Segment Start: Records supplied

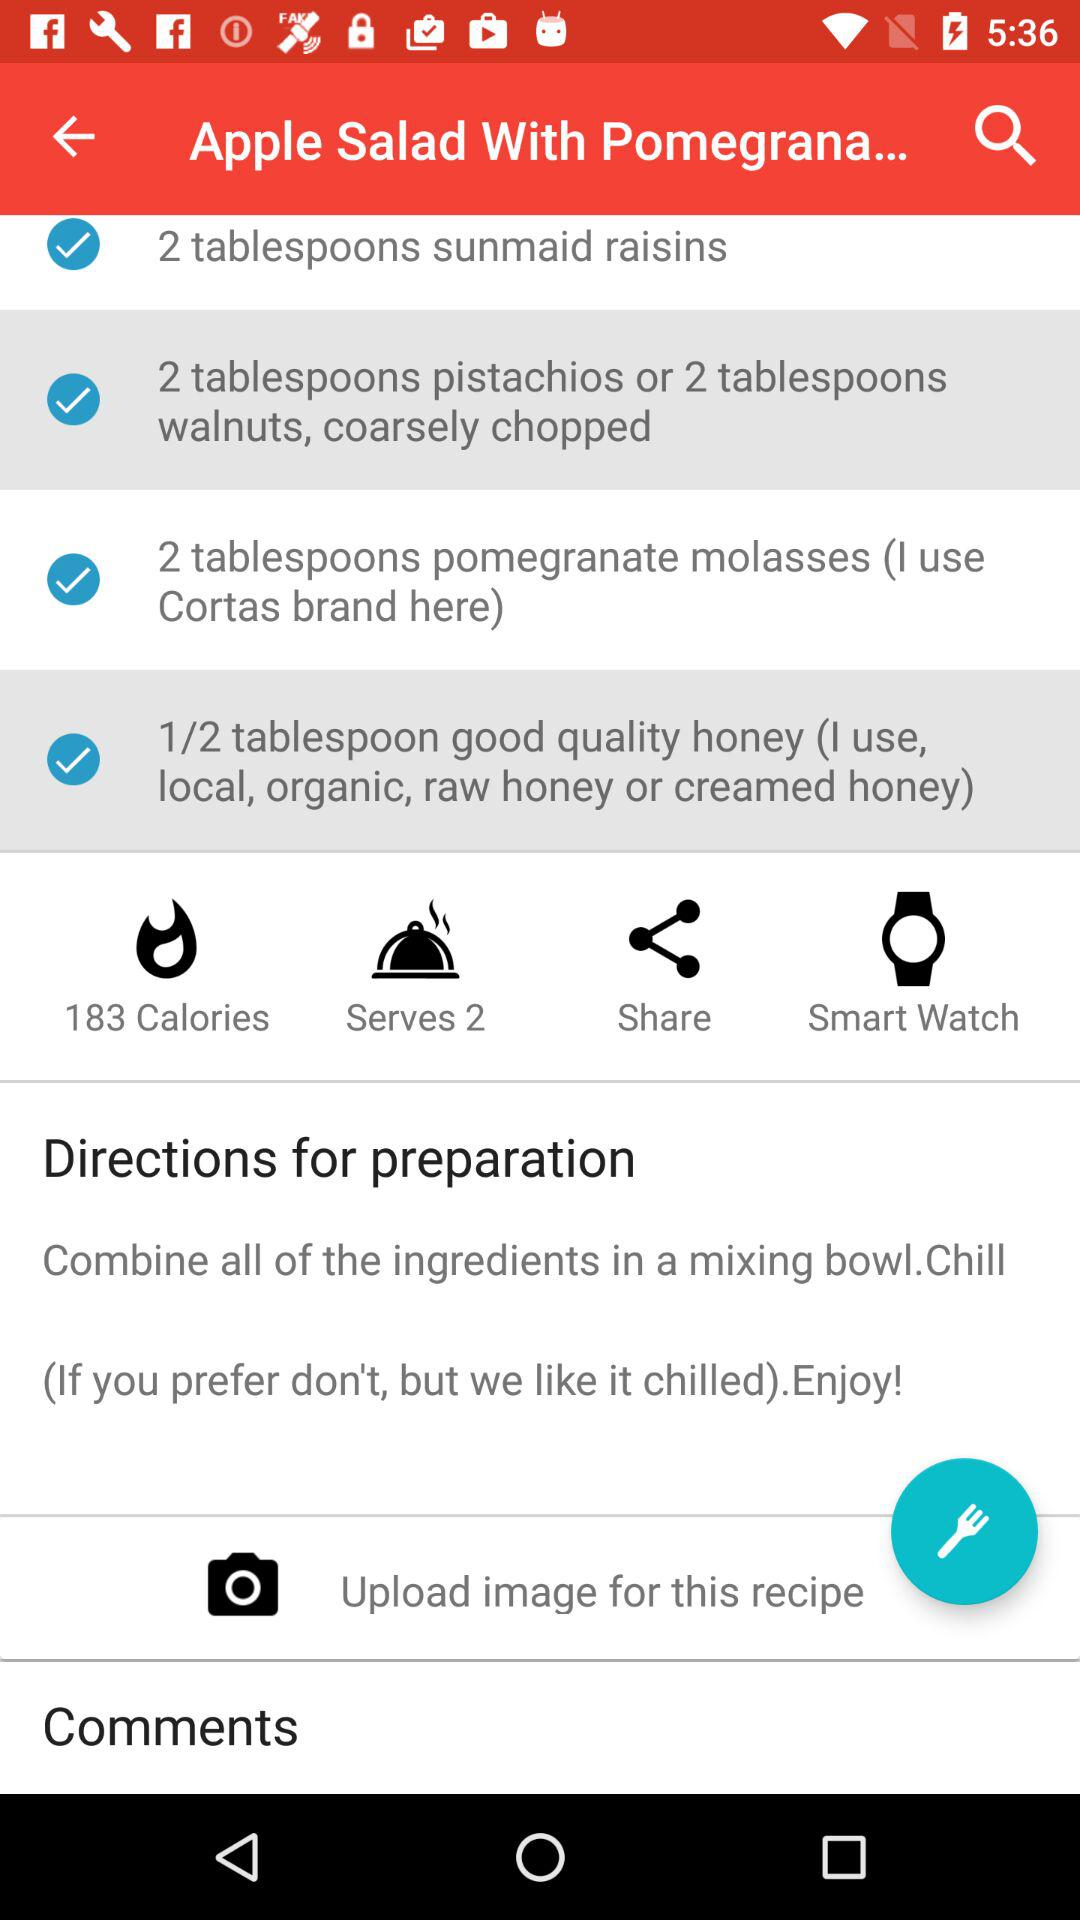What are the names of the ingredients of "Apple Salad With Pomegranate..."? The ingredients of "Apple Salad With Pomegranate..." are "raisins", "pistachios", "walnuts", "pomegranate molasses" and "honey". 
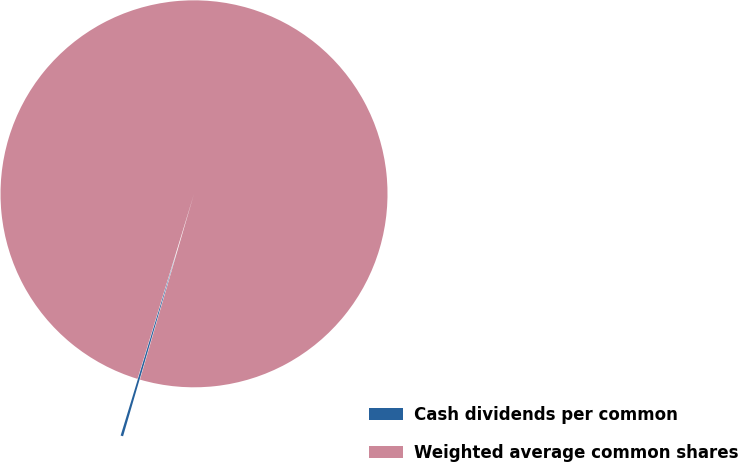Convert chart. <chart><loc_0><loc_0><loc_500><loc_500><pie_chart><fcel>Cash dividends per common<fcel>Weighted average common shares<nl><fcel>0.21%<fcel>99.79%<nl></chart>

Segment End: Records supplied
Segment Start: Records supplied

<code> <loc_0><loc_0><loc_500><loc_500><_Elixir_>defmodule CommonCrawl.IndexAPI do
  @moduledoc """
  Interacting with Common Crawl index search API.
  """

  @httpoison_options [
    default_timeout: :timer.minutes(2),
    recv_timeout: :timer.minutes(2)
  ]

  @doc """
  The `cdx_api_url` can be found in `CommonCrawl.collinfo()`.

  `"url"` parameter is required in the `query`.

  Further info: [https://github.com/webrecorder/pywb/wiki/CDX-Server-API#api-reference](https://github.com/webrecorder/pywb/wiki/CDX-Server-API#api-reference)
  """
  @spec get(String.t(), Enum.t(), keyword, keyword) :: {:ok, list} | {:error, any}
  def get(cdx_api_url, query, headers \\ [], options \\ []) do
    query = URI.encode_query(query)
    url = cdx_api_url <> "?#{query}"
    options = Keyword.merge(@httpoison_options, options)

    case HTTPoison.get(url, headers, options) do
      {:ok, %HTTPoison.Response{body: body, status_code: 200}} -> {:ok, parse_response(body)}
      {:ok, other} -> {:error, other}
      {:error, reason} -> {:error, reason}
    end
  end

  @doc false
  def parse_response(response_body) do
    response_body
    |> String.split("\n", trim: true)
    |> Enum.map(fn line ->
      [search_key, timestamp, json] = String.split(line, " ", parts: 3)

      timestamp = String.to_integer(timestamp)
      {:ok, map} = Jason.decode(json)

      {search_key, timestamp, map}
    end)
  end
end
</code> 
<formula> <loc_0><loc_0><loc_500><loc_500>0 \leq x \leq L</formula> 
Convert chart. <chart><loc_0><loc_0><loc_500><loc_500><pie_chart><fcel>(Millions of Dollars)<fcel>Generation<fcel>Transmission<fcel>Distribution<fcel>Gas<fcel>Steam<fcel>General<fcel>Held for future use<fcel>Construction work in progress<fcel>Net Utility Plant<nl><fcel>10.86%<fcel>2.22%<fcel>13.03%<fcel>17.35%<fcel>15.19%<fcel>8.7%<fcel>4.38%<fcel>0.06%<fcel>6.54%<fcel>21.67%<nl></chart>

Segment End: Records supplied
Segment Start: Records supplied

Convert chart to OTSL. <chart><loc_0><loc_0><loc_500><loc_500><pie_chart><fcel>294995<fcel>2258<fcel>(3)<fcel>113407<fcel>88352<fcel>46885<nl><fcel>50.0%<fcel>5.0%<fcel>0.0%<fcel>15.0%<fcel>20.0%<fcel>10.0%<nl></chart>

Segment End: Records supplied

Tally the lines above that include "json"; give only the tally.

2